DOI: 10.1007/s00464-008-9808-0

Cite this article as:
DePaula, A.L., Macedo, A.L.V., Rassi, N. et al. Surg Endosc (2008) 22: 2670. doi:10.1007/s00464-008-9808-0

Abstract

Background

Metabolic syndrome refers to risk factors for cardiovascular disease. Hyperglycemia is a critical component contributing to the predictive power of the syndrome. This study aimed to evaluate the results from the laparoscopic interposition of an ileum segment into the proximal jejunum for the treatment of metabolic syndrome in patients with type 2 diabetes mellitus and a body mass index (BMI) lower than 35.

Methods

Laparoscopic procedures were performed for 60 patients (24 women and 36 men) with a mean age of 51.7 ± 6.4 years (range, 27–66 years) and a mean BMI of 30.1 ± 2.7 (range, 23.6–34.4). All the patients had a diagnosis of type 2 diabetes mellitus (T2DM) given at least 3 years previously and evidence of stable treatment using oral hypoglycemic agents, insulin, or both for at least 12 months. The mean duration of type 2 diabetes mellitus was 9.6 ± 4.6 years (range, 3–22 years). Metabolic syndrome was diagnosed for all 60 patients. Arterial hypertension was diagnosed for 70% of the patients (mean number of drugs, 1.6) and hypertriglyceridemia for 70%. High-density lipoprotein was altered in 51.7% of the patients and the abdominal circumference in 68.3%. Two techniques were performed: ileal interposition (II) into the proximal jejunum and sleeve gastrectomy (II-SG) or ileal interposition associated with a diverted sleeve gastrectomy (II-DSG).

Results

The II-SG procedure was performed for 32 patients and the II-DSG procedure for 28 patients. The mean postoperative follow-up period was 7.4 months (range, 3–19 months). The mean BMI was 23.8 ± 4.1 kg/m2, and 52 patients (86.7%) achieved adequate glycemic control. Hypertriglyceridemia was normalized for 81.7% of the patients. An high-density lipoprotein level higher than 40 for the men and higher than 50 for the women was achieved by 90.3% of the patients. The abdominal circumference reached was less than 102 cm for the men and 88 cm for the women.

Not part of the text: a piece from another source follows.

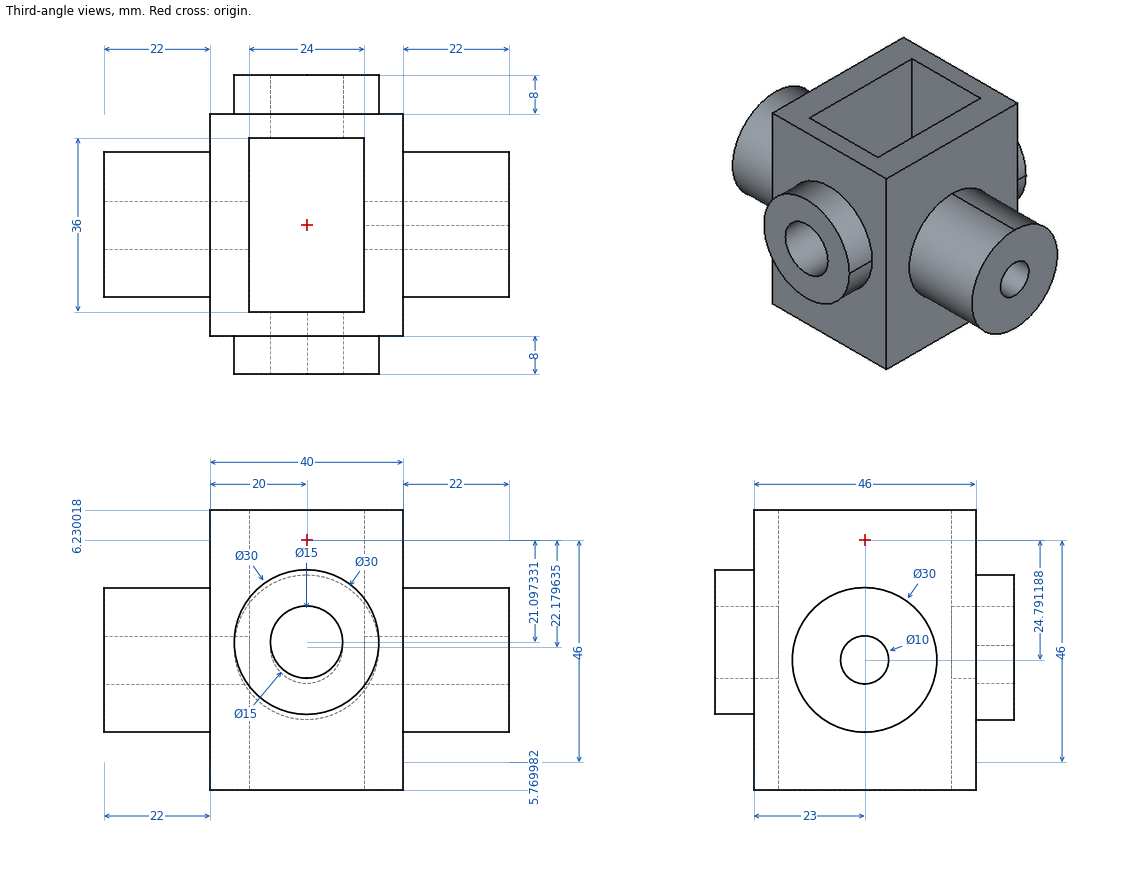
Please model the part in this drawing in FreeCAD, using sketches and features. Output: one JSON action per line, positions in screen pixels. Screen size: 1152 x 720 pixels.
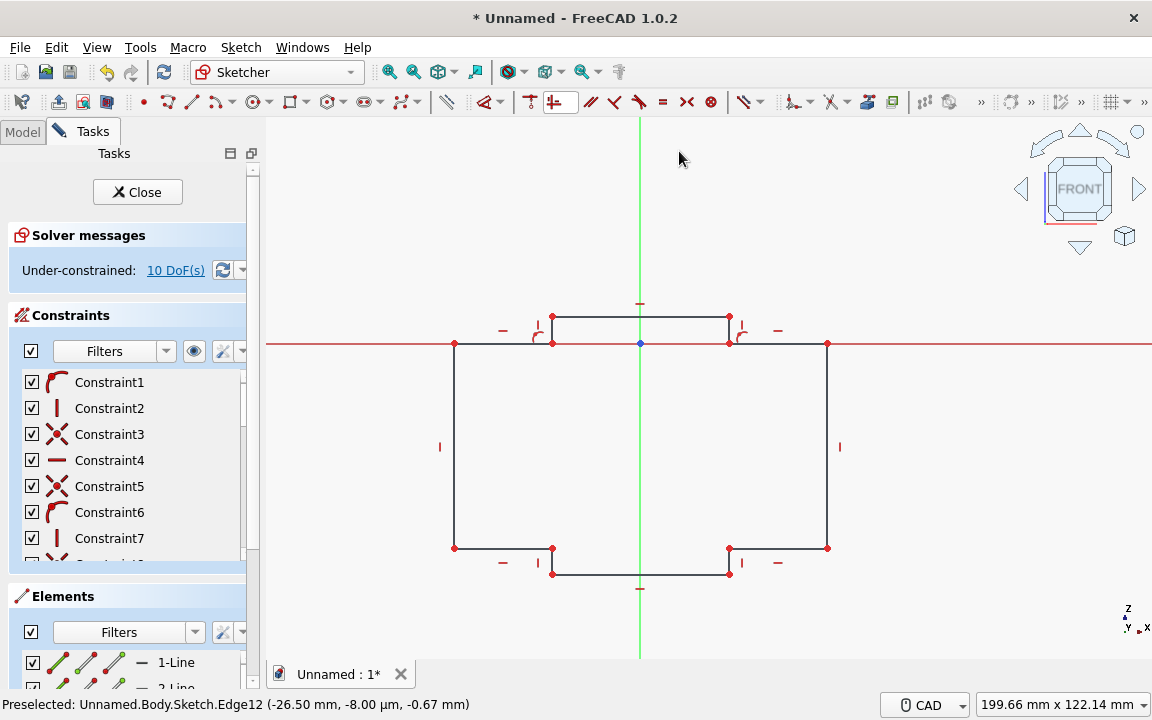
{"action": "left_click", "coordinate": [484, 102]}

Arterial hypertension was controlled in 90.5% of the patients. For the control of metabolic syndrome, II-DSG was the more effective procedure.

Conclusions

Laparoscopic II-SG and II-DSG seem to be promising procedures for the control of the metabolic syndrome and type 2 diabetes mellitus. A longer follow-up period is needed.

Keywords

Arterial hypertensionCardiovascular diseaseDiabetesDyslipidemiaIleal interpositionMetabolic syndrome

Metabolic syndrome has been well recognized in the medical literature since Reaven’s [1] report that several risk factors for cardiovascular disease commonly cluster together. Patients with metabolic syndrome and type 2 diabetes mellitus (T2DM) have the highest prevalence of coronary heart disease (CHD), and those who have diabetes without metabolic syndrome have no greater prevalence of CHD than those with neither [2].

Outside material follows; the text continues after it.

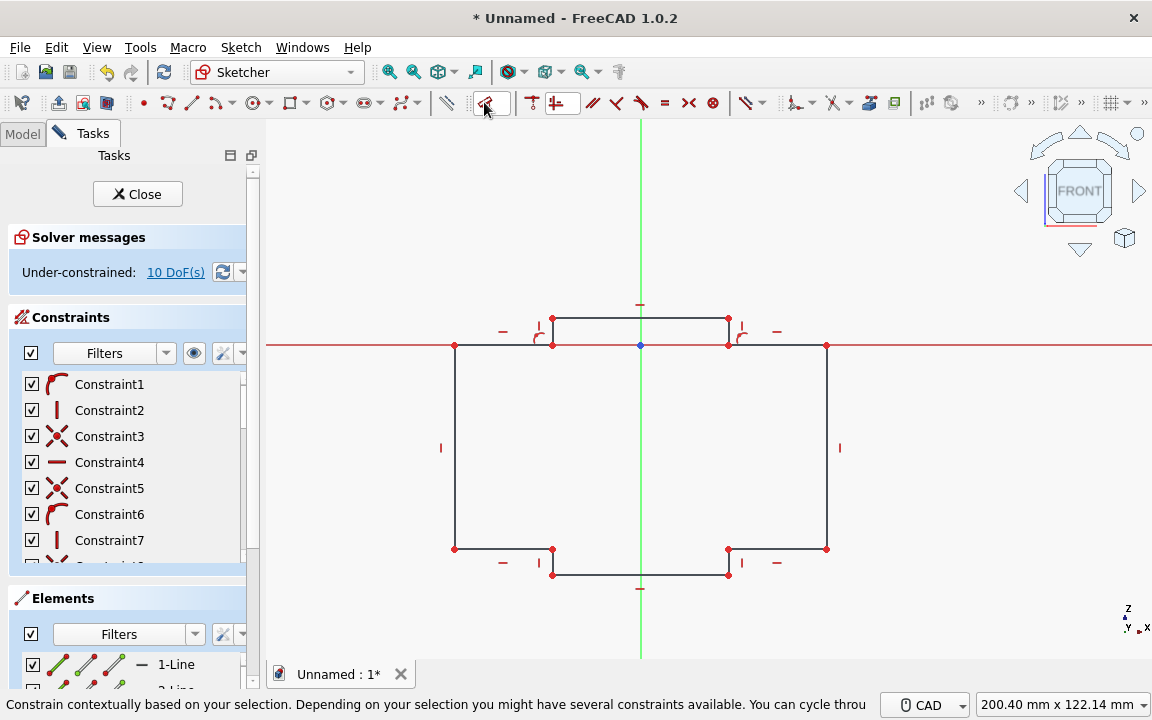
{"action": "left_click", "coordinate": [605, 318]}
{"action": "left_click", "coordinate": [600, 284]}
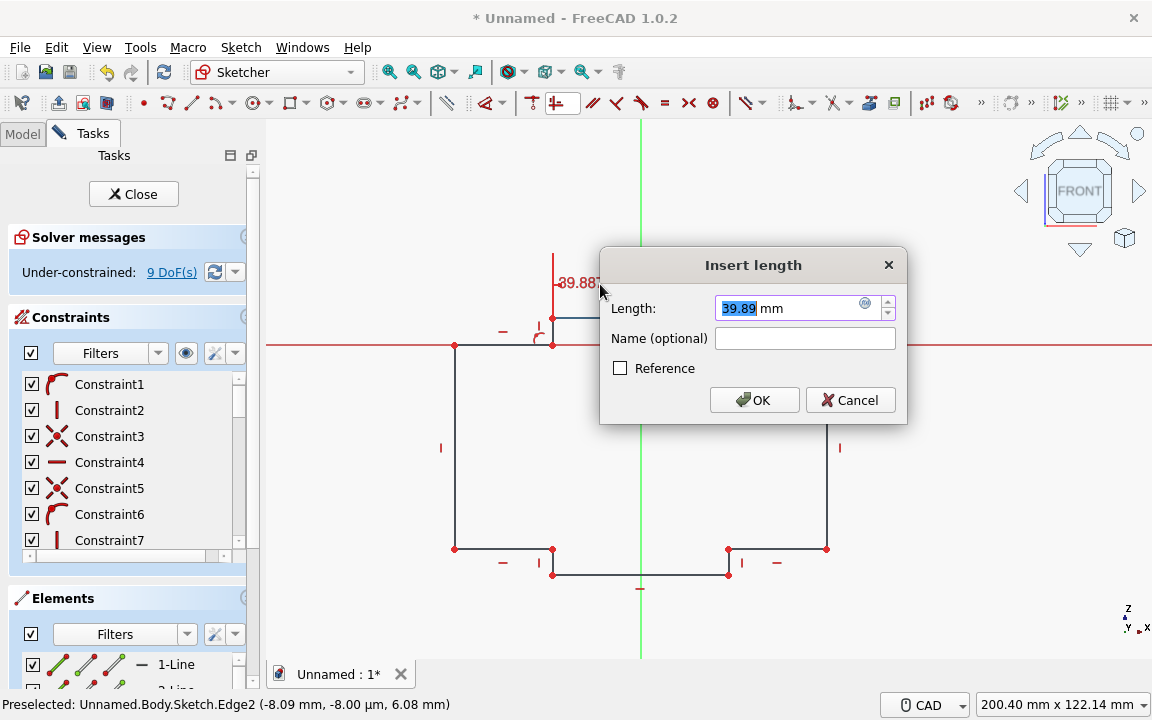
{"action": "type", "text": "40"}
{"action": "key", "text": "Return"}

A number of organizations have developed different definitions for metabolic syndrome [36], but those of the World Health Organization (WHO) and the Third Report of the National Cholesterol Education Program’s (NCEP) Adult Treatment Panel (ATPIII) have been the most frequently used. Despite the different criteria used for defining metabolic syndrome, with different cut points, probably affecting the sensitivity and specificity of the diagnosis, Ford and Giles [7] showed in an adult US population that metabolic syndrome was identified in the same proportion by the WHO and ATPIII criteria. However, approximately 15% to 20% of the individuals were classified as having the syndrome by one set of criteria but not the other.

Abdominal obesity is considered mainly responsible for the rising prevalence of metabolic syndrome. Obesity and T2DM are diseases of epidemic proportions, and the association between them is well established.

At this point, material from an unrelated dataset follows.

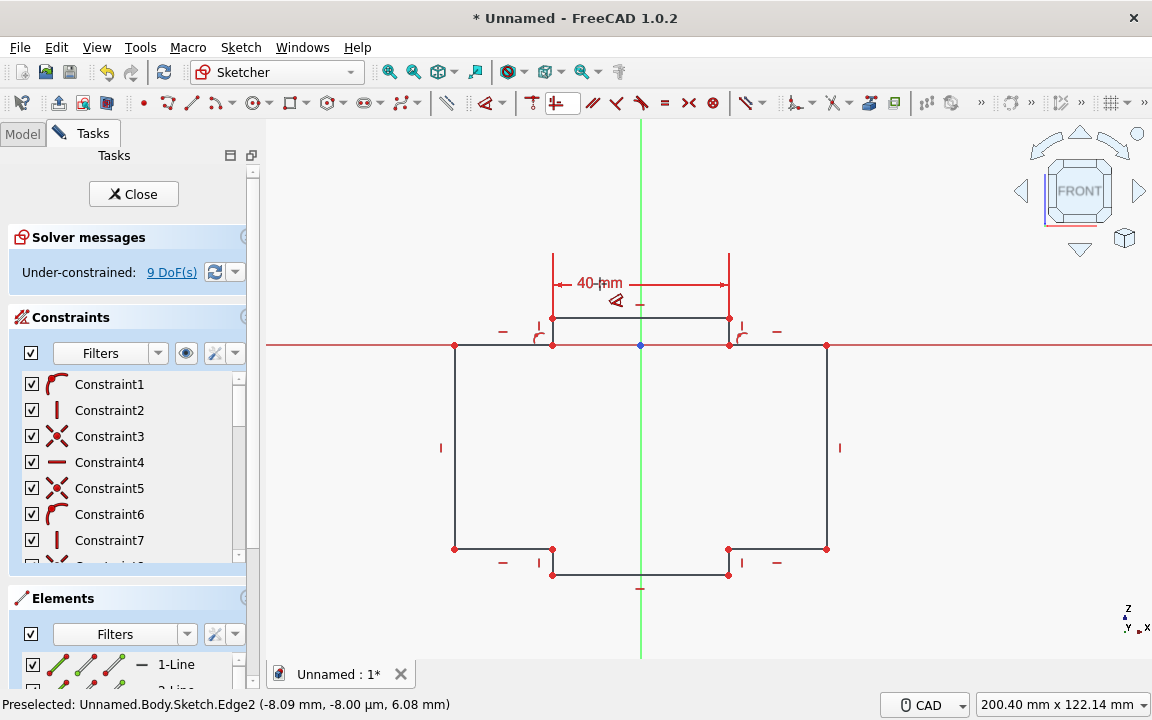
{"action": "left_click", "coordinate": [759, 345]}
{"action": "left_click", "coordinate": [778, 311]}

It is postulated that the pathologic sequence of events leading to T2DM is characterized by failure of beta cells to secrete adequate amounts of insulin to compensate for insulin resistance in peripheral tissues and by increased endogenous glucose production [8]. Insulin resistance, or hyperinsulinemia, is key in the pathogenesis of metabolic syndrome, with the term “insulin resistance syndrome” also commonly used. The dissociation of obesity and insulin resistance in patients with the metabolic syndrome is difficult.

Weight loss is beneficial for patients with obesity, T2DM, and metabolic syndrome. However, long-term realistic weight loss by nonsurgical methods has a variable impact on glycemic control, and only a proportion of T2DM patients have a worthwhile response [9].

Bariatric surgery, especially gastric bypass [10] and malabsorptive surgeries [11], are effective in achieving long-term control of obesity and in controlling T2DM. De Paula et al. [12] performed a technique termed “neuroendocrine break” characterized by a sleeve gastrectomy associated with an ileal interposition. They reported complete resolution of T2DM for morbidly obese patients. The mechanisms in relation to the ileal interposition and sleeve gastrectomy involved providing early exposure of ingested nutrients to the interposed ileum aimed at determining an early rise in glucagon like peptide 1 (GLP-1) and consequently influencing the defective early-phase insulin secretion. The aim is to induce an adjustable and long-lasting weight loss, to restrict the caloric intake, and to diminish or abolish excessive stimulation of the duodenum.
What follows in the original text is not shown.